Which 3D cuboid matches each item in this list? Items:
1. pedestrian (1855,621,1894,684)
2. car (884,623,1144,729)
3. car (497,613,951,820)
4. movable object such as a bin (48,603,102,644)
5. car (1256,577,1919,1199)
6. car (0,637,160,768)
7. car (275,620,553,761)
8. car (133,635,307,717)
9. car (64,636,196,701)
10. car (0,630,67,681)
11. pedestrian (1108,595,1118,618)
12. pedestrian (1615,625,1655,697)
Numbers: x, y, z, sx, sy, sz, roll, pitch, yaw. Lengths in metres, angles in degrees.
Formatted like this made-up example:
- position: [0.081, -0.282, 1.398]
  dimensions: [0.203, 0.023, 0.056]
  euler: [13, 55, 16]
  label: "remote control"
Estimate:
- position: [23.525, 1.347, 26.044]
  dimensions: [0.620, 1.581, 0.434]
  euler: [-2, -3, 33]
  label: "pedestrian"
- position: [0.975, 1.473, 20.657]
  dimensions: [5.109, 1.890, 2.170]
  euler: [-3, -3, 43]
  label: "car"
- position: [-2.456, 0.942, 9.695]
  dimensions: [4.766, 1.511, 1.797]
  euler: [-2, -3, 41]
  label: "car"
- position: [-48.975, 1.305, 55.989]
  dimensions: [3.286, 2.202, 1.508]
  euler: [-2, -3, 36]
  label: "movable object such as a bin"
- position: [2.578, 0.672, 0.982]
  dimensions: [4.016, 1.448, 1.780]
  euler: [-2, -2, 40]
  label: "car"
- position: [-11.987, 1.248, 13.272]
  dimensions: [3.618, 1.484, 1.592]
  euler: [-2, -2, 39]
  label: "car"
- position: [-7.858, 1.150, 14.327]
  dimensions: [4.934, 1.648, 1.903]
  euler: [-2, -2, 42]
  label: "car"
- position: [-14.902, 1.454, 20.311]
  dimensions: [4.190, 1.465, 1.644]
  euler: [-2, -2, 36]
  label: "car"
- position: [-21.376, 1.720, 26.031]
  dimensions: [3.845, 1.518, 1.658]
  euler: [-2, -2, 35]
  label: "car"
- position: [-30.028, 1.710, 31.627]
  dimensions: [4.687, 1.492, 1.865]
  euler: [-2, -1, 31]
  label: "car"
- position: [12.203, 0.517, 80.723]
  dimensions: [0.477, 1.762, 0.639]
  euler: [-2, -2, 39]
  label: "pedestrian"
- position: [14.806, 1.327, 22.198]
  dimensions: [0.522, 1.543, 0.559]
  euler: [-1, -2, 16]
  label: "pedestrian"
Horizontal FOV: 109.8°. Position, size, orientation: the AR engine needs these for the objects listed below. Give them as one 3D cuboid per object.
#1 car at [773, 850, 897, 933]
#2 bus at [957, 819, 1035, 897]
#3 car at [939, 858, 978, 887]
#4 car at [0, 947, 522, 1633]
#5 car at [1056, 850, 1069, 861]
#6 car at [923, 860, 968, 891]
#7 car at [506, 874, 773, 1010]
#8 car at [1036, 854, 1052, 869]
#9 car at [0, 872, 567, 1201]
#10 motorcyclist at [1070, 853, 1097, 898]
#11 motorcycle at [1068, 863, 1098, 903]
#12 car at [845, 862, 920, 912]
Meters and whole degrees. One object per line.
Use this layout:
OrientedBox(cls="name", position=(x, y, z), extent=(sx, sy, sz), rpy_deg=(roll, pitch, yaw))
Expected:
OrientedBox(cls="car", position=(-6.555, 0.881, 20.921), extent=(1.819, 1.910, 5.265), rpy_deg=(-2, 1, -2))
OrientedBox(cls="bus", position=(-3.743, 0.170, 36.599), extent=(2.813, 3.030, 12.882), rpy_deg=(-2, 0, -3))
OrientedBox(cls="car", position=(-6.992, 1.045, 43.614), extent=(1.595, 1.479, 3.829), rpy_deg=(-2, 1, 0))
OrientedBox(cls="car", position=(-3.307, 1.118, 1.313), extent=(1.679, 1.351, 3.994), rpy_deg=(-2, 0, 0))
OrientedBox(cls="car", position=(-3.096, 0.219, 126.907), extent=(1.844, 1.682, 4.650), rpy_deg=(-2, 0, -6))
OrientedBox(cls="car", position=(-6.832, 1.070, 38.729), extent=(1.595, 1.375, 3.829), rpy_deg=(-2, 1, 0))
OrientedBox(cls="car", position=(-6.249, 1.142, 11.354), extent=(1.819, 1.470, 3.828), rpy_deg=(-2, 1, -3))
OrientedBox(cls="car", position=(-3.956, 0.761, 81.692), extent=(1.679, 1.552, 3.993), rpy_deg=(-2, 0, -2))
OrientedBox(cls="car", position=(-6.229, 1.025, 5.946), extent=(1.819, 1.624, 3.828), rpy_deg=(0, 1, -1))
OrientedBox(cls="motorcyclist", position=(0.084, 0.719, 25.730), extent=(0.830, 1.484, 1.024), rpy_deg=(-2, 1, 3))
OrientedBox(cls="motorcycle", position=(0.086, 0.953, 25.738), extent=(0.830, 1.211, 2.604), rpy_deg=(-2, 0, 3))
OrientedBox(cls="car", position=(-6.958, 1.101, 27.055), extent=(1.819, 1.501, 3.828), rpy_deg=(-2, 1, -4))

*-*-*

Exactly reproduce every line found in the records.

Which 3D cuboid matches each item in this list? Items:
1. pedestrian (1855,621,1894,684)
2. car (884,623,1144,729)
3. car (497,613,951,820)
4. movable object such as a bin (48,603,102,644)
5. car (1256,577,1919,1199)
6. car (0,637,160,768)
7. car (275,620,553,761)
8. car (133,635,307,717)
9. car (64,636,196,701)
10. car (0,630,67,681)
11. pedestrian (1108,595,1118,618)
12. pedestrian (1615,625,1655,697)
Numbers: x, y, z, sx, sy, sz, roll, pitch, yaw. Lengths in metres, angles in degrees.
Formatted like this made-up example:
- position: [0.081, -0.282, 1.398]
  dimensions: [0.203, 0.023, 0.056]
  euler: [13, 55, 16]
  label: "remote control"
Estimate:
- position: [23.525, 1.347, 26.044]
  dimensions: [0.620, 1.581, 0.434]
  euler: [-2, -3, 33]
  label: "pedestrian"
- position: [0.975, 1.473, 20.657]
  dimensions: [5.109, 1.890, 2.170]
  euler: [-3, -3, 43]
  label: "car"
- position: [-2.456, 0.942, 9.695]
  dimensions: [4.766, 1.511, 1.797]
  euler: [-2, -3, 41]
  label: "car"
- position: [-48.975, 1.305, 55.989]
  dimensions: [3.286, 2.202, 1.508]
  euler: [-2, -3, 36]
  label: "movable object such as a bin"
- position: [2.578, 0.672, 0.982]
  dimensions: [4.016, 1.448, 1.780]
  euler: [-2, -2, 40]
  label: "car"
- position: [-11.987, 1.248, 13.272]
  dimensions: [3.618, 1.484, 1.592]
  euler: [-2, -2, 39]
  label: "car"
- position: [-7.858, 1.150, 14.327]
  dimensions: [4.934, 1.648, 1.903]
  euler: [-2, -2, 42]
  label: "car"
- position: [-14.902, 1.454, 20.311]
  dimensions: [4.190, 1.465, 1.644]
  euler: [-2, -2, 36]
  label: "car"
- position: [-21.376, 1.720, 26.031]
  dimensions: [3.845, 1.518, 1.658]
  euler: [-2, -2, 35]
  label: "car"
- position: [-30.028, 1.710, 31.627]
  dimensions: [4.687, 1.492, 1.865]
  euler: [-2, -1, 31]
  label: "car"
- position: [12.203, 0.517, 80.723]
  dimensions: [0.477, 1.762, 0.639]
  euler: [-2, -2, 39]
  label: "pedestrian"
- position: [14.806, 1.327, 22.198]
  dimensions: [0.522, 1.543, 0.559]
  euler: [-1, -2, 16]
  label: "pedestrian"
Horizontal FOV: 109.8°. Position, size, orientation: the AR engine needs these for the objects listed below. Give them as one 3D cuboid per object.
#1 car at [773, 850, 897, 933]
#2 bus at [957, 819, 1035, 897]
#3 car at [939, 858, 978, 887]
#4 car at [0, 947, 522, 1633]
#5 car at [1056, 850, 1069, 861]
#6 car at [923, 860, 968, 891]
#7 car at [506, 874, 773, 1010]
#8 car at [1036, 854, 1052, 869]
#9 car at [0, 872, 567, 1201]
#10 motorcyclist at [1070, 853, 1097, 898]
#11 motorcycle at [1068, 863, 1098, 903]
#12 car at [845, 862, 920, 912]
Meters and whole degrees. One object per line.
Use this layout:
OrientedBox(cls="name", position=(x, y, z), extent=(sx, sy, sz), rpy_deg=(roll, pitch, yaw))
Expected:
OrientedBox(cls="car", position=(-6.555, 0.881, 20.921), extent=(1.819, 1.910, 5.265), rpy_deg=(-2, 1, -2))
OrientedBox(cls="bus", position=(-3.743, 0.170, 36.599), extent=(2.813, 3.030, 12.882), rpy_deg=(-2, 0, -3))
OrientedBox(cls="car", position=(-6.992, 1.045, 43.614), extent=(1.595, 1.479, 3.829), rpy_deg=(-2, 1, 0))
OrientedBox(cls="car", position=(-3.307, 1.118, 1.313), extent=(1.679, 1.351, 3.994), rpy_deg=(-2, 0, 0))
OrientedBox(cls="car", position=(-3.096, 0.219, 126.907), extent=(1.844, 1.682, 4.650), rpy_deg=(-2, 0, -6))
OrientedBox(cls="car", position=(-6.832, 1.070, 38.729), extent=(1.595, 1.375, 3.829), rpy_deg=(-2, 1, 0))
OrientedBox(cls="car", position=(-6.249, 1.142, 11.354), extent=(1.819, 1.470, 3.828), rpy_deg=(-2, 1, -3))
OrientedBox(cls="car", position=(-3.956, 0.761, 81.692), extent=(1.679, 1.552, 3.993), rpy_deg=(-2, 0, -2))
OrientedBox(cls="car", position=(-6.229, 1.025, 5.946), extent=(1.819, 1.624, 3.828), rpy_deg=(0, 1, -1))
OrientedBox(cls="motorcyclist", position=(0.084, 0.719, 25.730), extent=(0.830, 1.484, 1.024), rpy_deg=(-2, 1, 3))
OrientedBox(cls="motorcycle", position=(0.086, 0.953, 25.738), extent=(0.830, 1.211, 2.604), rpy_deg=(-2, 0, 3))
OrientedBox(cls="car", position=(-6.958, 1.101, 27.055), extent=(1.819, 1.501, 3.828), rpy_deg=(-2, 1, -4))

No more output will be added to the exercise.